TASK REQUIREMENTS -> Your result should be every line of the records below that contains the word "minimum".

THE RECORDS ->
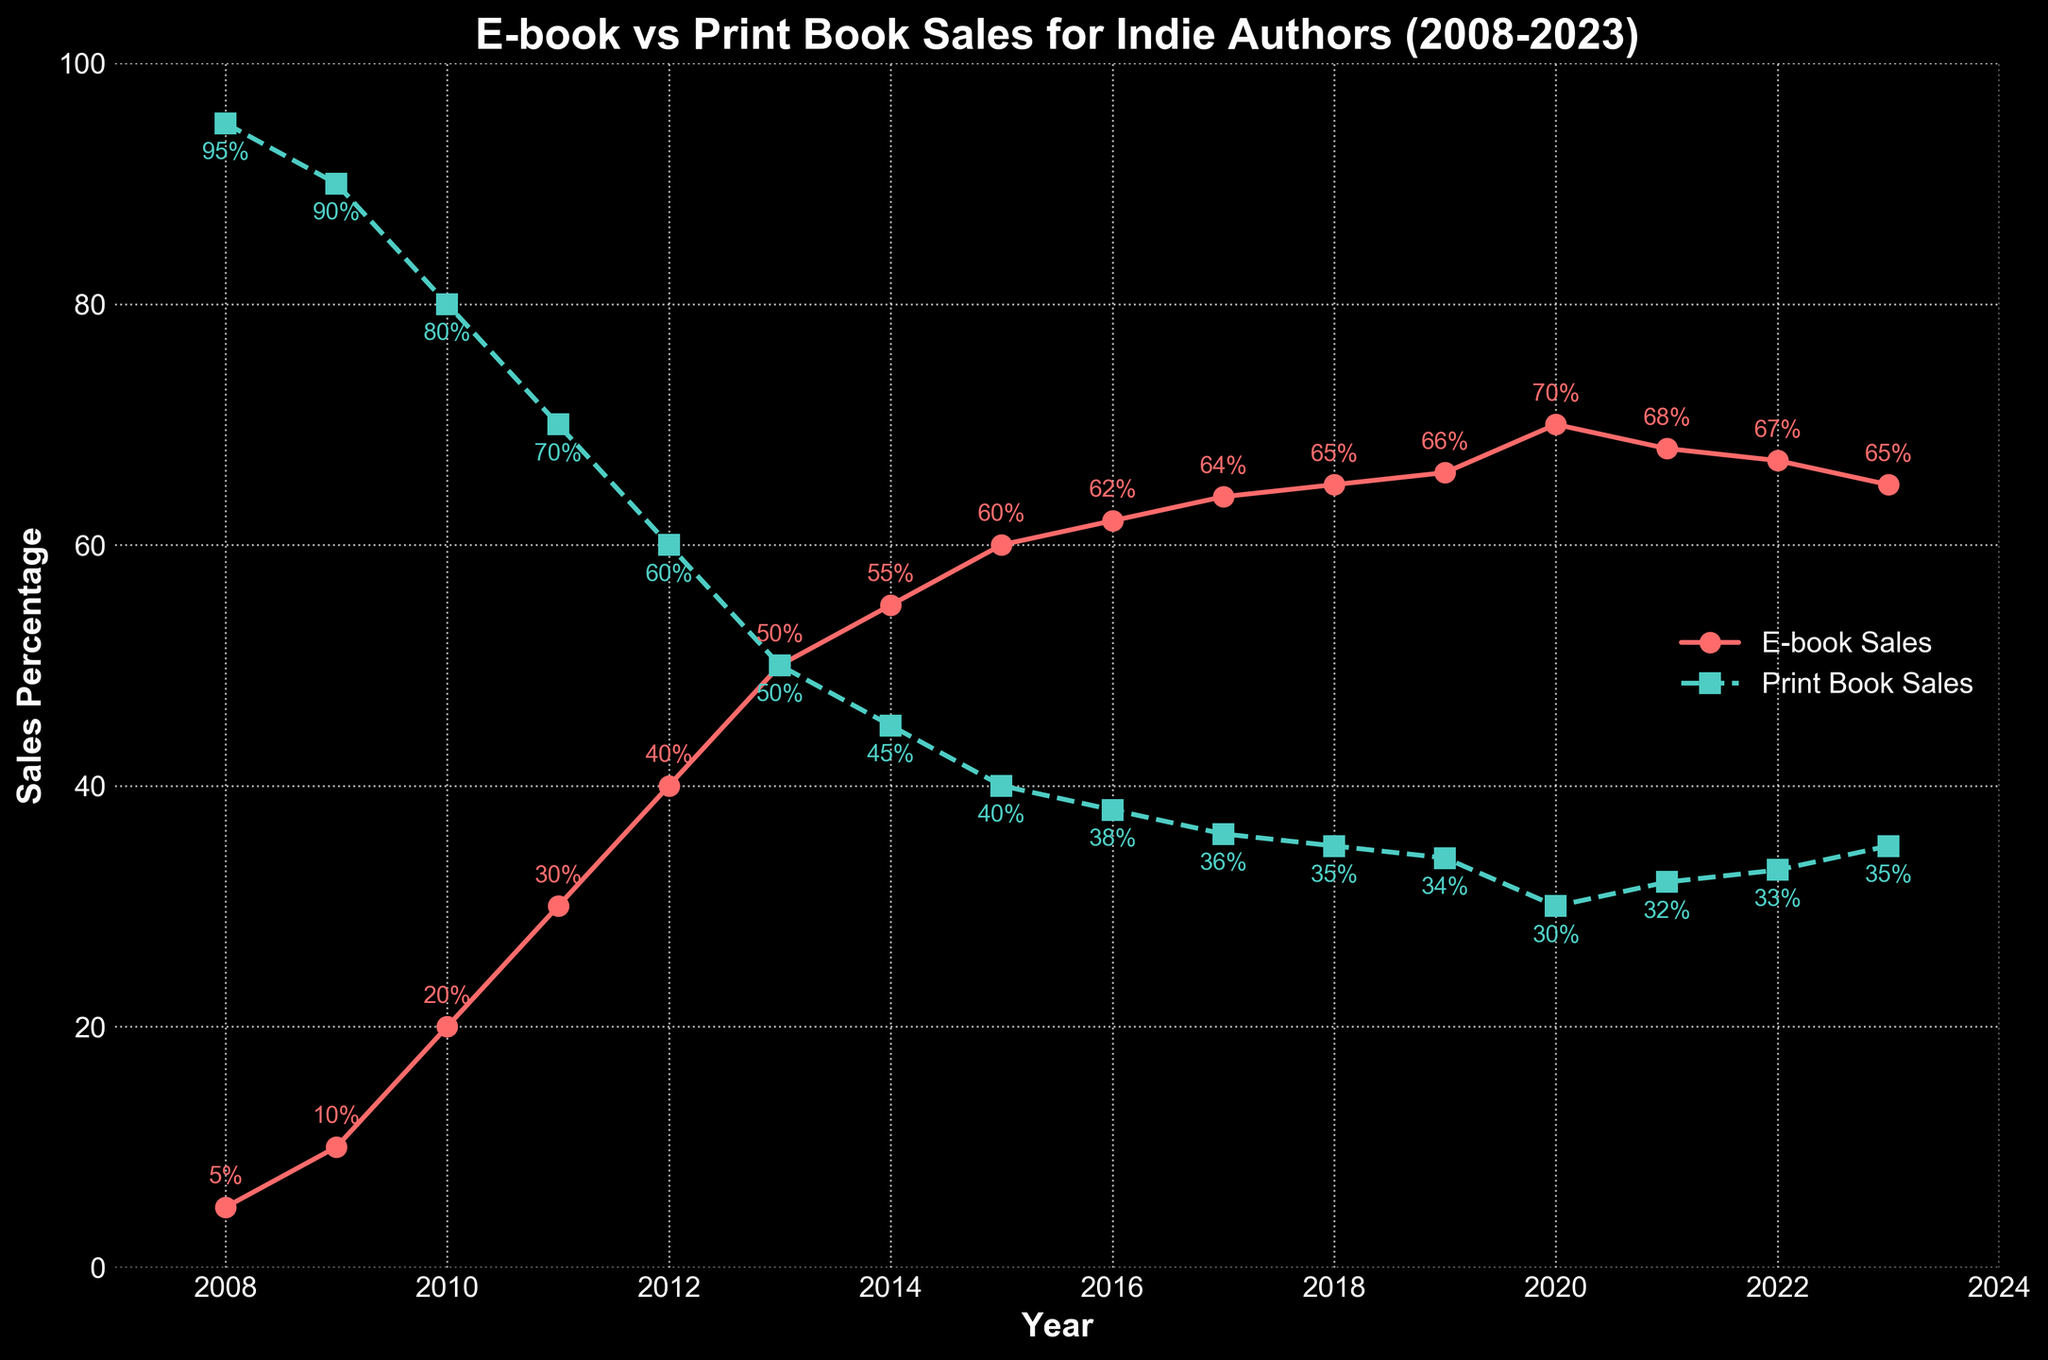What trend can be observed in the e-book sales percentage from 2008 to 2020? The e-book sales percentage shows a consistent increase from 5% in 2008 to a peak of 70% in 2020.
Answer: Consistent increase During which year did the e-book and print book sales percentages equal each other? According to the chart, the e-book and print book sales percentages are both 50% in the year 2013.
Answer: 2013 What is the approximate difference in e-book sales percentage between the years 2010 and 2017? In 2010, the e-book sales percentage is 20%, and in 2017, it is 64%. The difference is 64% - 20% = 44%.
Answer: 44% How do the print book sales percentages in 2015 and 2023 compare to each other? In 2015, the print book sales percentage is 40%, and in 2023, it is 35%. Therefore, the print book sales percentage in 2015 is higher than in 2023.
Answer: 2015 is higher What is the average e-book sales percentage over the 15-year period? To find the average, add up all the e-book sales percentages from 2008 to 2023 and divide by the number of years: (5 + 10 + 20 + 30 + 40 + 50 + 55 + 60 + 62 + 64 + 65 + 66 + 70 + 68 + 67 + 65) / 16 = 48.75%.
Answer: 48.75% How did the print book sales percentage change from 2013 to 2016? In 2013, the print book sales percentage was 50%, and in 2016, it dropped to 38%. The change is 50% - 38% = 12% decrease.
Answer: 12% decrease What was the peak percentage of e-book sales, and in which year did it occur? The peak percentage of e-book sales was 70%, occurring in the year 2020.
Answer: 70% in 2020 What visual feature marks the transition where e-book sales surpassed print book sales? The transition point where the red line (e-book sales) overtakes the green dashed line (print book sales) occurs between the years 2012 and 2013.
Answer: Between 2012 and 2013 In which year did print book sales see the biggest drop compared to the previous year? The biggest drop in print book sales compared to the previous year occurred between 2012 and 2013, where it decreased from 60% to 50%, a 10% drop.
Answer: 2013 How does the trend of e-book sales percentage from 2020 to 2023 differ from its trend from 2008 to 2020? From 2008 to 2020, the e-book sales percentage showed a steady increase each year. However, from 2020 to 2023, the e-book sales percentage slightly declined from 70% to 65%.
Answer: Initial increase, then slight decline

---

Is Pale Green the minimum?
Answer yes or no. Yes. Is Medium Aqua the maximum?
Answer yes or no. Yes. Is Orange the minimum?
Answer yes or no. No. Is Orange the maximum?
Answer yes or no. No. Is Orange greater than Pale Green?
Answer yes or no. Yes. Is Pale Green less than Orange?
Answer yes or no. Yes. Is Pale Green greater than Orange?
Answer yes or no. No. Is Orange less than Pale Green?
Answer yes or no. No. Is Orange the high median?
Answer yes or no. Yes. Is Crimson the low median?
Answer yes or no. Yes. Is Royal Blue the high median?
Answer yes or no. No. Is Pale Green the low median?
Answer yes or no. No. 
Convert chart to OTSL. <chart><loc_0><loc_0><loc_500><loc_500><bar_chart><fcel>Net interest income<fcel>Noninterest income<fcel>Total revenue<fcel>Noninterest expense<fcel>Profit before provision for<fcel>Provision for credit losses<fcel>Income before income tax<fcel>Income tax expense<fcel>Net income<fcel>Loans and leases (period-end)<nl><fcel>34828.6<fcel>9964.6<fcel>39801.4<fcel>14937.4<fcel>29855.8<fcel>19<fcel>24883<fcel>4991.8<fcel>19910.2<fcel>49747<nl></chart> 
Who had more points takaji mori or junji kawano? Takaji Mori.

==

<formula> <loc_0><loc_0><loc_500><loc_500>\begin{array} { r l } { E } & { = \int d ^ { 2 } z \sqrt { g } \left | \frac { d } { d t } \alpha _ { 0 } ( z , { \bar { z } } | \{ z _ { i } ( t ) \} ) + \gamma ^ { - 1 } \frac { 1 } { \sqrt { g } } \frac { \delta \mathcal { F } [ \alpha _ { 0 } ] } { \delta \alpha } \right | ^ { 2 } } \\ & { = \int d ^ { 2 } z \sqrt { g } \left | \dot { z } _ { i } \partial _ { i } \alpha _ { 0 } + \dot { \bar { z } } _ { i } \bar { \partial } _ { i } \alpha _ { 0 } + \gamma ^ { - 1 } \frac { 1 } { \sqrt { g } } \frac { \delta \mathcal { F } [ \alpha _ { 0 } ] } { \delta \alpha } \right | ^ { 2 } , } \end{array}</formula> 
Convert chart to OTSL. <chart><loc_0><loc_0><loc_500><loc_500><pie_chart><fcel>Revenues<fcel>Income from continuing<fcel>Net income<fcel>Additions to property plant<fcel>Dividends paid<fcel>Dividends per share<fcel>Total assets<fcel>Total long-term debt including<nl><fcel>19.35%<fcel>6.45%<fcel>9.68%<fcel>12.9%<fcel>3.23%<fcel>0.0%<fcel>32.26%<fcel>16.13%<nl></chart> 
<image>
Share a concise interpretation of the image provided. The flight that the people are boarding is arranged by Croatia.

PROBLEM SOLUTION ->
Is Pale Green the minimum?
Answer yes or no. Yes. Is Orange the minimum?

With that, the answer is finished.